Art on Art : Making Meta Meaning

Spark flow and voice through Ekphrasis. Make meaning from meaning! It's meta! Meta!

  • Ekphrasis is when a creator uses one art form to comment on or react to another art form. It is when we respond to art!

  • This term and practice can be traced back to Homer's Iliad. Ancient!

  • Ekphrasis most commonly pairs visual and language arts though you can spark dance from literature, or song from painting, or a new recipe from something in the garden.

  • See what happens to your higher order thinking and and artist voice when you use one art form (a song, for example) to inspire your own art form (a piece of visual art, for example).

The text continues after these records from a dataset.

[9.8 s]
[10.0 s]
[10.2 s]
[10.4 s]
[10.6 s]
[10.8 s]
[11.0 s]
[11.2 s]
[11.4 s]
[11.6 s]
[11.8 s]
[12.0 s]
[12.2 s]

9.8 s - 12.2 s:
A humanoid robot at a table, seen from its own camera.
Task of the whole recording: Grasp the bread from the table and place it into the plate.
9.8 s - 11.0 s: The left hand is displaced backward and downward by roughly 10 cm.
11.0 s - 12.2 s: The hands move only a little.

  • If you'd like to dig deeper into Ekphrasis, check out Scolastic's resource on combining visual art with poetry.

Before You Begin:

Remember that art is ish, it's human, and whatever comes from you is what it's meant to be. There's no such thing as "good" or "bad," "right" or "wrong" in art, so get making!

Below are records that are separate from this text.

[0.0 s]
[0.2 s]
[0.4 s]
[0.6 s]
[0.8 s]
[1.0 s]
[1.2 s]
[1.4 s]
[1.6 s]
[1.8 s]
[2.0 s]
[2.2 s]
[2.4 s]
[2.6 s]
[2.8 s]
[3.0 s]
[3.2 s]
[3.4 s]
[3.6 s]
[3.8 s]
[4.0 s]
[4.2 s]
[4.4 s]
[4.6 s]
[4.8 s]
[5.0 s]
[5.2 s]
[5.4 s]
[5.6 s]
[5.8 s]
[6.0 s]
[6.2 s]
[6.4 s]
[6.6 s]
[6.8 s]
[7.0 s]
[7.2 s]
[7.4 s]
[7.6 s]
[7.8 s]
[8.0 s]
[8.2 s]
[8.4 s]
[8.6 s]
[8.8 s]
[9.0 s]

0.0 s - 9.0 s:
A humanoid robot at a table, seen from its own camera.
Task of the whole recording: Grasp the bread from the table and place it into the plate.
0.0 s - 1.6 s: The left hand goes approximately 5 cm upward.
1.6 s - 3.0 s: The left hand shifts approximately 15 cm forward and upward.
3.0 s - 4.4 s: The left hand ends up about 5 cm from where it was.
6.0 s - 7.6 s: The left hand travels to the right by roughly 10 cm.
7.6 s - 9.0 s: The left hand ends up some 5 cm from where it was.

When The Piece Feels Finished:

While art is never finished (it's alive and living!), share your art when you feel that it is grounded and whole - when you feel you have given it your full attention and care. Share your art by hanging it on a wall in your house, posting it on-line, or mailing it to someone you love.

Steps for Creating Ekphrasis Art on Art:

1. Yell: "5, 4, 3, 2, 1, Make Art!" (This transitions your brain; there's research about this!)

2. Collect something to create on (paper, cardboard, post-it notes, whiteboard).

3. Gather creating materials (pen, pencil, highlighter, markers, crayons, color pencils, stamps, collage materials, any other materials that sparks your artist voice).

4. Choose one piece of art to inspire your ekphrastic art making; we will call this the art impetus.

Possible art impetus:

  • a poem/line of a poem,

  • a quote, a song/a lyric,

  • a dance performance,

  • a movie scene,

  • a television episode,

  • a recipe,

  • a fashion statement

  • or whatever art form not suggested that sparks you

5. Make a brainstorm of thoughts, ideas, feelings, visualizations that connect to, respond to, or comment on the art impetus.

6. Use your brainstorm to create a piece of visual art that connects to or responds to or extends upon the art impetus. This can be a free form exploration or, you can choose a constraint:

7. When you feel finished with your ekphrasis - when you feel grounded and whole in your art making, and have given the process your attention and care, see what you can notice in your product:

  • What most stands out about your piece?

  • How does your art piece connected to, respond to, or extend upon the art impetus?

  • How might you display or show your art piece with the art impetus?

  • How might this art piece live in the world? (I could mail this piece to someone. I could display the art piece and impetus somewhere in my environment. I could share this process with someone when I talk to them on the phone or video call.)

8. Share your ekphrasis with someone in your life and see if they'd like to try the process.

9. Notice your state-of-being: how do you feel? How can you describe your state-of-being?

10. Repeat the process and create a series.

Play with constraints:

  • find a new art impetus

  • try a different process or material for creating your ekphrasis

  • create a collaborative piece with someone else, taking turns choosing the art impetus, materials, or method for creating

  • set a timer and only make for a specific amount of time

And, voilà: you've made Ekphrasis Art on Art!